Beverly Wood uses her background in chemistry to bring filmmakers’ visions to life on the big screen. Executive vice president of technical services and client relations for Deluxe Entertainment in Los Angeles, Wood recently worked her visual magic on the latest James Bond film, Skyfall. In nearly two decades with Deluxe, she has helped put the finishing touches on a myriad of movies, including True Grit and The Hours. Photo by Henner Hofmann, ASC, AMC.

When James Bond needs the latest in high-tech gadgetry, he turns to Q.

And when the cinematographer for the latest Bond film needs technical advice, he turns to Beverly Wood ’78.

Wood, executive vice president of technical services and client relations for Deluxe Entertainment’s digital arm, EFILM, was on her way from Los Angeles to London recently to help director of photography Roger Deakins put the finishing touches on Skyfall, the 23rd and latest Bond film.

It’s hard for Wood, 56, to describe the behind-the-scenes magic she and her colleagues specialize in. But you can see it for yourself in the moodiness of Seven, the old Western-style patina of The Assassination of Jesse James by the Coward Robert Ford, and the deep blacks and crisp look of The Man Who Wasn’t There, just a few of the thousands of films she and her team at Deluxe have worked on.

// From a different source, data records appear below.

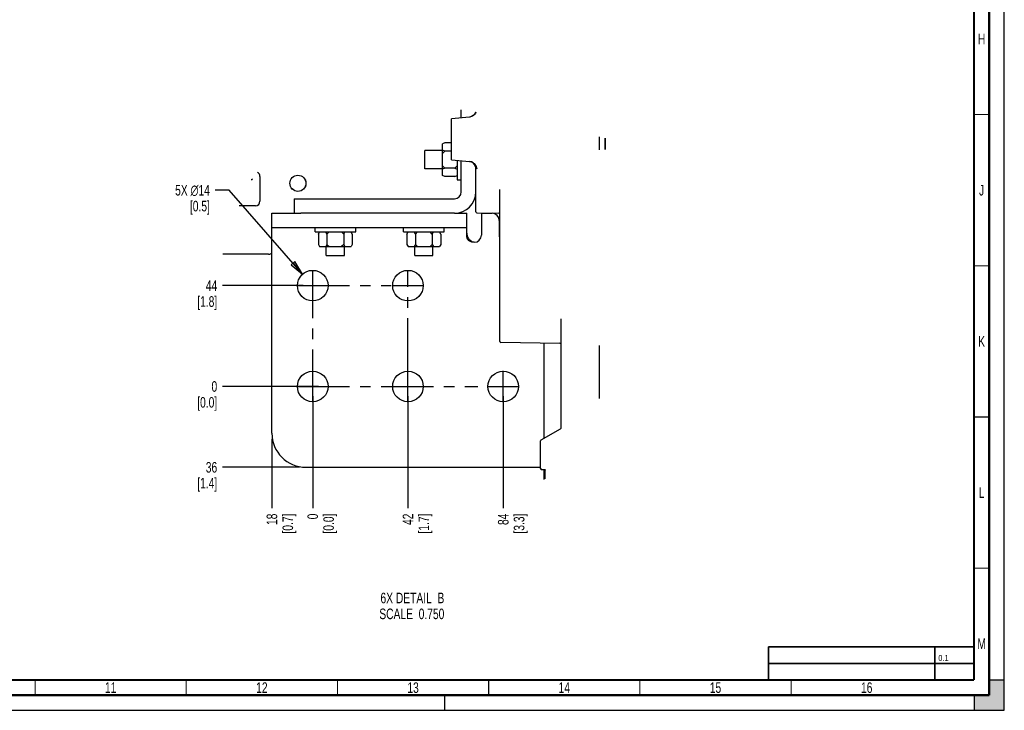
# Paper-space layout 'SUBMITTAL_E3H_2_2' of a CAD drawing. Header units: millimetres. Extents: x 0 to 841, y 0 to 594.
# Tile 56 of 58: x 515 to 841, y 0 to 228. Entities that reach past the tile are written whole.
import ezdxf

# ---------------------------------------------------------------- set-up
doc = ezdxf.new("R2010")
doc.units = ezdxf.units.MM
doc.header["$LTSCALE"] = 46.255
doc.linetypes.add('CENTER', pattern=[0.6, 0.375, -0.075, 0.075, -0.075])
doc.linetypes.add('DASHED', pattern=[0.2, 0.1, -0.1])
doc.layers.get('0').update_dxf_attribs({"linetype": 'CONTINUOUS'})
doc.layers.add('DEFAULT_1', color=7, linetype='CENTER')
doc.styles.get("Standard").update_dxf_attribs({"font": 'txt', "width": 0.725})
doc.dimstyles.new('DIMSTYLE_2', dxfattribs={"dimtxt": 3.5, "dimasz": 4.8, "dimexe": 3.2, "dimexo": 1.6, "dimtad": 0, "dimtih": 1, "dimtoh": 1, "dimdec": 1, "dimzin": 0, "dimdsep": 46, "dimtxsty": 'STANDARD', "dimblk": 'CLOSED', "dimblk1": 'CLOSED', "dimblk2": 'CLOSED', "dimcen": 0.09, "dimadec": 0, "dimazin": 0, "dimtp": 0.4, "dimtm": 0.4, "dimtfac": 1, "dimtdec": 1, "dimtofl": 0, "dimtmove": 0, "dimatfit": 2, "dimldrblk": 'CLOSED', "dimfxl": 1, "dimtolj": 1, "dimtzin": 0, "dimarcsym": 0})
doc.dimstyles.new('DIMSTYLE_3', dxfattribs={"dimtxt": 3.5, "dimasz": 4.8, "dimexe": 3.2, "dimexo": 1.6, "dimgap": 0.875, "dimtad": 0, "dimtih": 1, "dimtoh": 1, "dimdec": 1, "dimzin": 0, "dimdsep": 46, "dimtxsty": 'STANDARD', "dimblk": 'CLOSED', "dimblk1": 'CLOSED', "dimblk2": 'CLOSED', "dimcen": 0.09, "dimadec": 0, "dimazin": 0, "dimtp": 0.4, "dimtm": 0.4, "dimtfac": 1, "dimtdec": 1, "dimtofl": 0, "dimtmove": 0, "dimatfit": 3, "dimldrblk": 'CLOSED', "dimfxl": 1, "dimtolj": 1, "dimtzin": 0, "dimarcsym": 0})

# ---------------------------------------------------------------- blocks, each defined once
blk = doc.blocks.new('*D78')
at = {"color": 2, "linetype": 'CONTINUOUS'}
blk.add_line((598.81, 89.73), (598.81, 66.8), dxfattribs=at)
at = {"color": 2, "linetype": 'CONTINUOUS', "insert": (597.06, 65.05), "char_height": 3.5, "width": 12.6875, "attachment_point": 3, "rotation": 90, "line_spacing_factor": 0.9}
blk.add_mtext('18\\P[0.7]', dxfattribs=at)
blk = doc.blocks.new('_CLOSED')
at = {"color": 0, "linetype": 'BYBLOCK'}
for p, q in [((0, 0), (-1, 0.167)), ((-1, 0.167), (-1, -0.167)), ((-1, -0.167), (0, 0)), ((-1, 0), (0, 0))]:
    blk.add_line(p, q, dxfattribs=at)
blk = doc.blocks.new('*D79')
at = {"color": 2, "linetype": 'CONTINUOUS'}
blk.add_line((612.31, 103.9), (612.31, 66.8), dxfattribs=at)
at = {"color": 2, "linetype": 'CONTINUOUS', "insert": (610.56, 65.05), "char_height": 3.5, "width": 12.6875, "attachment_point": 3, "rotation": 90, "line_spacing_factor": 0.9}
blk.add_mtext('0\\P[0.0]', dxfattribs=at)
blk = doc.blocks.new('*D80')
at = {"color": 2, "linetype": 'CONTINUOUS'}
blk.add_line((643.81, 103.9), (643.81, 66.8), dxfattribs=at)
at = {"color": 2, "linetype": 'CONTINUOUS', "insert": (642.06, 65.05), "char_height": 3.5, "width": 12.6875, "attachment_point": 3, "rotation": 90, "line_spacing_factor": 0.9}
blk.add_mtext('42\\P[1.7]', dxfattribs=at)
blk = doc.blocks.new('*D81')
at = {"color": 2, "linetype": 'CONTINUOUS'}
blk.add_line((675.31, 103.9), (675.31, 66.8), dxfattribs=at)
at = {"color": 2, "linetype": 'CONTINUOUS', "insert": (673.56, 65.05), "char_height": 3.5, "width": 12.6875, "attachment_point": 3, "rotation": 90, "line_spacing_factor": 0.9}
blk.add_mtext('84\\P[3.3]', dxfattribs=at)
blk = doc.blocks.new('*D82')
at = {"color": 2, "linetype": 'CONTINUOUS'}
blk.add_line((607.95, 80.37), (582.48, 80.37), dxfattribs=at)
at = {"color": 2, "linetype": 'CONTINUOUS', "insert": (580.73, 82.12), "char_height": 3.5, "width": 12.6875, "attachment_point": 3, "line_spacing_factor": 0.9}
blk.add_mtext('36\\P[1.4]', dxfattribs=at)
blk = doc.blocks.new('*D83')
at = {"color": 2, "linetype": 'CONTINUOUS'}
blk.add_line((614.17, 107.1), (582.48, 107.1), dxfattribs=at)
at = {"color": 2, "linetype": 'CONTINUOUS', "insert": (580.73, 108.85), "char_height": 3.5, "width": 12.6875, "attachment_point": 3, "line_spacing_factor": 0.9}
blk.add_mtext('0\\P[0.0]', dxfattribs=at)
blk = doc.blocks.new('*D84')
at = {"color": 2, "linetype": 'CONTINUOUS'}
blk.add_line((609.11, 140.44), (582.48, 140.44), dxfattribs=at)
at = {"color": 2, "linetype": 'CONTINUOUS', "insert": (580.73, 142.19), "char_height": 3.5, "width": 12.6875, "attachment_point": 3, "line_spacing_factor": 0.9}
blk.add_mtext('44\\P[1.8]', dxfattribs=at)
blk = doc.blocks.new('*D85')
at = {"color": 2, "linetype": 'CONTINUOUS'}
for p, q in [((584.71, 172), (580.06, 172)), ((608.97, 144.25), (584.71, 172))]:
    blk.add_line(p, q, dxfattribs=at)
at = {"color": 2, "linetype": 'CONTINUOUS', "xscale": 4.8, "yscale": 4.8, "zscale": 4.8, "rotation": 311.1709059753}
blk.add_blockref('_CLOSED', (608.97, 144.25), dxfattribs=at)
at = {"color": 2, "linetype": 'CONTINUOUS', "insert": (578.31, 173.75), "char_height": 3.5, "width": 17.3542, "attachment_point": 3, "line_spacing_factor": 0.9}
blk.add_mtext('5X \\Fgdt;{\\Fgdt;n}\\Ftxt;14\\P[0.5]', dxfattribs=at)

psp = doc.layouts.new('SUBMITTAL_E3H_2_2')

# ---------------------------------------------------------------- hatches: boundary and pattern name
at = {"linetype": 'CONTINUOUS'}
h = psp.add_hatch(color=7, dxfattribs=at)
h.paths.add_polyline_path([(0, 10), (5, 10), (5, 5), (10, 5), (10, 0), (0, 0)])
h.paths.add_polyline_path([(0, 594), (10, 594), (10, 589), (5, 589), (5, 584), (0, 584)])
h.paths.add_polyline_path([(841, 0), (841, 10), (836, 10), (836, 5), (831, 5), (831, 0)])
h.paths.add_polyline_path([(836, 584), (836, 589), (831, 589), (831, 594), (841, 594), (841, 584)])

# ---------------------------------------------------------------- linework, layer by layer
at = {"color": 7, "linetype": 'CONTINUOUS'}
for p, q in [((841, 0), (841, 594)), ((841, 0), (841, 594)), ((664.2, 196.18), (658.21, 195.65)), ((658.21, 182.05), (658.21, 195.65)), ((661.43, 195.93), (661.43, 198.56)), ((664.23, 196.18), (664.2, 196.18)), ((664.82, 196.33), (664.22, 196.18)), ((664.53, 196.23), (664.23, 196.18)), ((664.86, 196.33), (664.53, 196.23)), ((665.4, 196.67), (664.82, 196.33)), ((665.16, 196.48), (664.86, 196.33)), ((665.43, 196.66), (665.16, 196.48)), ((665.85, 197.16), (665.4, 196.67)), ((665.68, 196.88), (665.43, 196.66)), ((665.93, 197.17), (665.68, 196.88)), ((666.13, 197.76), (665.85, 197.16)), ((666.16, 197.52), (665.93, 197.17)), ((666.14, 197.82), (666.13, 197.76)), ((666.29, 197.79), (666.16, 197.52)), ((707.18, 185.33), (707.18, 189.65)), ((708.91, 189.21), (708.91, 185.44)), ((708.98, 189.19), (708.98, 185.44)), ((655.96, 187.69), (655.21, 187.31)), ((655.21, 176.89), (655.21, 187.31)), ((658.21, 187.69), (655.96, 187.69)), ((655.21, 185.1), (649.36, 185.1)), ((649.36, 179.1), (649.36, 185.1)), ((655.96, 184.9), (655.21, 185.27)), ((655.96, 184.9), (655.21, 184.15)), ((658.21, 184.9), (655.96, 184.9)), ((655.21, 179.1), (649.36, 179.1)), ((655.96, 179.31), (655.21, 180.06)), ((655.96, 179.31), (655.21, 178.93)), ((659.33, 179.31), (655.96, 179.31)), ((658.21, 182.05), (664.2, 181.53)), ((659.33, 179.31), (660.08, 180.06)), ((659.33, 179.31), (660.08, 178.93)), ((660.08, 181.89), (660.08, 175.39)), ((661.43, 171.42), (661.43, 181.77)), ((664.2, 181.53), (664.63, 181.45)), ((664.82, 181.38), (664.21, 181.53)), ((664.63, 181.45), (665.04, 181.29)), ((665.4, 181.04), (664.82, 181.38)), ((665.04, 181.29), (665.4, 181.07)), ((665.4, 181.07), (665.7, 180.81)), ((665.85, 180.55), (665.4, 181.04)), ((665.7, 180.81), (665.95, 180.52)), ((666.13, 179.95), (665.85, 180.55)), ((665.95, 180.52), (666.17, 180.17)), ((666.23, 179.29), (666.13, 179.95)), ((666.17, 180.17), (666.34, 179.8)), ((666.23, 164.85), (666.23, 179.29)), ((666.34, 179.8), (666.48, 179.42)), ((666.48, 179.42), (666.6, 179.06)), ((655.96, 176.52), (655.21, 176.89)), ((659.33, 176.52), (655.96, 176.52)), ((659.33, 176.52), (660.08, 176.89)), ((592, 175.51), (592.28, 175.51)), ((660.08, 175.39), (661.43, 175.39)), ((674.18, 121.99), (674.18, 172.24)), ((606.23, 169.17), (659.18, 169.17)), ((606.23, 169.17), (606.23, 164.37)), ((598.81, 164.37), (608.34, 164.37)), ((598.81, 159.57), (598.81, 164.37)), ((659.18, 164.37), (663.31, 164.37)), ((663.31, 159.57), (663.31, 164.37)), ((666.6, 164.47), (673.81, 164.38)), ((613.09, 158.22), (613.09, 159.57)), ((626.52, 158.22), (626.52, 159.57)), ((642.34, 158.22), (642.34, 159.57)), ((655.77, 158.22), (655.77, 159.57)), ((613.09, 158.22), (626.52, 158.22)), ((614.22, 157.47), (614.6, 158.22)), ((614.22, 157.47), (614.22, 154.09)), ((617.01, 157.47), (616.64, 158.22)), ((617.01, 157.47), (617.76, 158.22)), ((617.01, 157.47), (617.01, 154.09)), ((622.6, 157.47), (621.85, 158.22)), ((622.6, 157.47), (622.97, 158.22)), ((622.6, 157.47), (622.6, 154.09)), ((625.39, 157.47), (625.02, 158.22)), ((625.39, 157.47), (625.39, 154.09)), ((642.34, 158.22), (655.77, 158.22)), ((643.47, 157.47), (643.85, 158.22)), ((643.47, 157.47), (643.47, 154.09)), ((646.26, 157.47), (645.89, 158.22)), ((646.26, 157.47), (647.01, 158.22)), ((646.26, 157.47), (646.26, 154.09)), ((651.85, 157.47), (651.1, 158.22)), ((651.85, 157.47), (652.22, 158.22)), ((651.85, 157.47), (651.85, 154.09)), ((654.64, 157.47), (654.27, 158.22)), ((654.64, 157.47), (654.64, 154.09)), ((663.39, 157.42), (663.31, 158.32)), ((663.61, 156.63), (663.39, 157.42)), ((663.92, 155.97), (663.61, 156.63)), ((614.22, 154.09), (614.6, 153.34)), ((614.6, 153.34), (625.02, 153.34)), ((617.01, 154.09), (616.64, 153.34)), ((616.81, 150.42), (616.81, 153.34)), ((617.01, 154.09), (617.76, 153.34)), ((622.6, 154.09), (621.85, 153.34)), ((622.6, 154.09), (622.97, 153.34)), ((622.81, 150.42), (622.81, 153.34)), ((625.39, 154.09), (625.02, 153.34)), ((643.47, 154.09), (643.85, 153.34)), ((643.85, 153.34), (654.27, 153.34)), ((646.26, 154.09), (645.89, 153.34)), ((646.06, 150.42), (646.06, 153.34)), ((646.26, 154.09), (647.01, 153.34)), ((651.85, 154.09), (651.1, 153.34)), ((651.85, 154.09), (652.22, 153.34)), ((652.06, 150.42), (652.06, 153.34)), ((654.64, 154.09), (654.27, 153.34)), ((664.32, 155.44), (663.92, 155.97)), ((664.77, 155.06), (664.32, 155.44)), ((665.24, 154.84), (664.77, 155.06)), ((665.71, 154.77), (665.24, 154.84)), ((616.81, 150.42), (622.81, 150.42)), ((646.06, 150.42), (652.06, 150.42)), ((694.43, 93.44), (694.43, 129.44)), ((694.06, 121.36), (674.55, 121.62)), ((707.18, 103.13), (707.18, 120.65)), ((687.87, 89.44), (694.24, 93.12)), ((694.34, 93.2), (694.24, 93.12)), ((694.41, 93.32), (694.34, 93.2)), ((694.43, 93.44), (694.41, 93.32)), ((687.68, 79.99), (687.68, 89.11)), ((687.68, 79.99), (687.69, 79.93)), ((687.69, 79.93), (687.71, 79.86)), ((687.74, 79.79), (687.7, 79.87)), ((687.71, 79.86), (687.74, 79.79)), ((687.8, 79.72), (687.74, 79.79)), ((687.74, 79.79), (687.79, 79.73)), ((687.79, 79.73), (687.84, 79.69)), ((687.87, 79.67), (687.8, 79.72)), ((687.8, 79.72), (687.8, 79.72)), ((687.84, 79.69), (687.89, 79.66)), ((687.93, 79.64), (687.87, 79.67)), ((687.89, 79.66), (687.91, 79.65)), ((687.91, 79.65), (687.94, 79.64)), ((687.93, 79.64), (687.93, 79.64)), ((687.94, 79.64), (687.99, 79.62)), ((687.99, 79.62), (688.06, 79.62)), ((688, 79.62), (687.99, 79.62)), ((688.06, 79.62), (688, 79.62)), ((688.06, 79.62), (688.99, 79.62)), ((688.81, 76.38), (688.81, 79.62)), ((689.18, 79.43), (688.81, 79.43)), ((688.99, 79.62), (689.09, 79.59)), ((689.09, 79.59), (689.16, 79.52)), ((689.16, 79.52), (689.18, 79.43)), ((689.18, 76.56), (689.18, 79.43)), ((841, 10), (836, 10)), ((836, 10), (836, 5)), ((841, 10), (836, 10)), ((841, 0), (841, 10)), ((836, 5), (831, 5)), ((831, 5), (831, 0)), ((831, 5), (831, 0)), ((0, 0), (841, 0)), ((0, 0), (841, 0)), ((831, 0), (841, 0))]:
    psp.add_line(p, q, dxfattribs=at)
at = {"color": 3, "linetype": 'CONTINUOUS'}
for p, q in [((592.28, 175.82), (592.28, 175.51)), ((594.88, 176.52), (594.88, 168.38)), ((593.38, 166.88), (587.96, 166.88)), ((659.18, 164.37), (608.34, 164.37)), ((668.11, 164.37), (671.62, 164.37)), ((668.11, 164.37), (668.11, 157.17)), ((663.31, 159.57), (598.81, 159.57)), ((598.81, 91.62), (598.81, 159.57)), ((663.31, 156.54), (663.31, 159.57)), ((674.02, 161.97), (674.02, 156.54)), ((663.37, 156.16), (663.31, 156.54)), ((674.18, 156.54), (674.02, 156.54)), ((663.56, 155.77), (663.37, 156.16)), ((663.89, 155.39), (663.56, 155.77)), ((664.37, 155.08), (663.89, 155.39)), ((664.98, 154.85), (664.37, 155.08)), ((665.71, 154.77), (664.98, 154.85)), ((597.7, 150.84), (582.6, 150.84)), ((688.81, 89.98), (688.81, 121.43)), ((610.06, 80.37), (687.68, 80.37))]:
    psp.add_line(p, q, dxfattribs=at)
at = {"color": 7, "linetype": 'DASHED'}
psp.add_line((656, 0), (656, 5), dxfattribs=at)
at = {"color": 7, "linetype": 'CONTINUOUS'}
for points, const_width in [([(836, 5), (836, 589)], 0.7), ([(831, 10), (831, 584)], 0.7), ([(831, 197), (836, 197)], 0.35), ([(831, 147), (836, 147)], 0.35), ([(831, 97), (836, 97)], 0.35), ([(831, 47), (836, 47)], 0.35), ([(763, 21), (831, 21)], 0.5), ([(763, 21), (763, 10)], 0.5), ([(818, 10), (818, 21)], 0.5), ([(831, 15.5), (763, 15.5)], 0.5), ([(20, 10), (831, 10)], 0.7), ([(520.5, 5), (520.5, 10)], 0.35), ([(570.5, 5), (570.5, 10)], 0.35), ([(620.5, 5), (620.5, 10)], 0.35), ([(670.5, 5), (670.5, 10)], 0.35), ([(720.5, 5), (720.5, 10)], 0.35), ([(770.5, 5), (770.5, 10)], 0.35), ([(15, 5), (836, 5)], 0.7)]:
    psp.add_lwpolyline(points, dxfattribs=dict(at, const_width=const_width))
for radius in [2.67, 2.66]:
    psp.add_circle((607.42, 174.29), radius, dxfattribs=at)
at = {"color": 3, "linetype": 'CONTINUOUS'}
for centre in [(612.31, 140.44), (643.81, 140.44), (612.31, 107.1), (643.81, 107.1), (675.31, 107.1)]:
    psp.add_circle(centre, 5.06, dxfattribs=at)
for centre, radius, start, end in [((593.38, 176.52), 1.5, 0, 62.2575), ((659.18, 171.42), 7.05, 270, 360), ((593.38, 168.38), 1.5, 270, 360), ((671.62, 161.97), 2.4, 0, 90), ((665.71, 157.17), 2.4, 270, 360), ((597.7, 152.34), 1.5, 270, 304.3525), ((612.26, 131.04), 24.3, 123.6243, 124.3525), ((610.06, 91.62), 11.25, 180, 270)]:
    psp.add_arc(centre, radius, start, end, dxfattribs=at)
at = {"color": 7, "linetype": 'CONTINUOUS'}
for centre, radius, start, end in [((659.18, 171.42), 2.25, 270, 360), ((666.61, 164.85), 0.375, 180, 269.25), ((673.81, 164), 0.375, 0, 89.25), ((674.56, 121.99), 0.375, 180, 269.25), ((694.06, 120.99), 0.375, 0, 89.25), ((688.06, 89.11), 0.375, 120, 180), ((688.06, 79.99), 0.375, 180, 270)]:
    psp.add_arc(centre, radius, start, end, dxfattribs=at)
at = {"layer": 'DEFAULT_1', "color": 7, "linetype": 'CENTER'}
for p, q in [((612.31, 101.94), (612.31, 145.6)), ((643.81, 112.3), (643.81, 145.6)), ((607.14, 140.44), (638.3, 140.44)), ((638.64, 140.44), (648.97, 140.44)), ((643.81, 101.94), (643.81, 112.27)), ((675.31, 101.94), (675.31, 112.27)), ((607.14, 107.1), (666.88, 107.1)), ((670.14, 107.1), (680.47, 107.1))]:
    psp.add_line(p, q, dxfattribs=at)

# ---------------------------------------------------------------- texts
at = {"color": 2, "linetype": 'CONTINUOUS', "line_spacing_factor": 0.9}
for s, insert, char_height, width, attachment_point in [('H', (833.5, 223.75), 3.5, 2.5375, 2), ('J', (833.5, 173.75), 3.5, 2.5375, 2), ('K', (833.5, 123.75), 3.5, 2.5375, 2), ('L', (833.5, 73.75), 3.5, 2.5375, 2), ('6X DETAIL  B\\PSCALE  0.750', (655.84, 38.9), 3.5, 30.45, 3), ('M', (833.5, 23.75), 3.5, 2.5375, 2), ('0.1', (819.19, 18.31), 2, 4.35, 1), ('11', (545.5, 9.25), 3.5, 5.075, 2), ('12', (595.5, 9.25), 3.5, 5.075, 2), ('13', (645.5, 9.25), 3.5, 5.075, 2), ('14', (695.5, 9.25), 3.5, 5.075, 2), ('15', (745.5, 9.25), 3.5, 5.075, 2), ('16', (795.5, 9.25), 3.5, 5.075, 2)]:
    psp.add_mtext(s, dxfattribs=dict(at, insert=insert, char_height=char_height, width=width, attachment_point=attachment_point))

# ---------------------------------------------------------------- dimensions: what is measured, and where the dimension line sits
at = {"color": 2, "linetype": 'CONTINUOUS'}
dim = psp.add_diameter_dim_2p(p1=(608.97, 144.25), p2=(615.64, 136.63), text='5X %%c14\\P[0.5]', dimstyle='DIMSTYLE_2', override={"dimpost": '<>'}, dxfattribs=at)
dim.commit()
dim.dimension.update_dxf_attribs({"geometry": '*D85', "text_midpoint": (569.63, 169.38), "dimtype": 163})
for feature_location, offset, dtype, origin, text, picture, middle in [((609.11, 140.44), (-26.63, 0), 0, (610.71, 140.44), '44\\P[1.8]', '*D84', (574.38, 137.82)), ((614.17, 107.1), (-31.69, 0), 0, (615.77, 107.1), '0\\P[0.0]', '*D83', (574.38, 104.48)), ((612.31, 103.9), (0, -37.1), 1, (612.31, 105.5), '0\\P[0.0]', '*D79', (614.93, 58.71)), ((643.81, 103.9), (0, -37.1), 1, (643.81, 105.5), '42\\P[1.7]', '*D80', (646.43, 58.71)), ((675.31, 103.9), (0, -37.1), 1, (675.31, 105.5), '84\\P[3.3]', '*D81', (677.93, 58.71)), ((598.81, 89.73), (0, -22.93), 1, (598.81, 91.33), '18\\P[0.7]', '*D78', (601.43, 58.71)), ((607.95, 80.37), (-25.47, 0), 0, (609.55, 80.37), '36\\P[1.4]', '*D82', (574.38, 77.74))]:
    dim = psp.add_ordinate_dim(feature_location=feature_location, offset=offset, dtype=dtype, origin=origin, text=text, dimstyle='DIMSTYLE_3', dxfattribs=at)
    dim.commit()
    dim.dimension.update_dxf_attribs({"geometry": picture, "text_midpoint": middle})

doc.saveas('drawing.dxf')

The Man Who Wasn’t There − shot in color but transferred to black-and-white reels by Wood’s crew − earned Deakins a best film award from the American Society of Cinematographers in 2001. He was in the middle of shooting another movie, so he sent Wood to the awards ceremony in his stead.

After Wood read the speech Deakins had prepared for her, she added a thought of her own.

“Who would’ve thought a little black girl from Virginia would end up in this room?” she asked the crowd of Hollywood elite. “I got a standing ovation.”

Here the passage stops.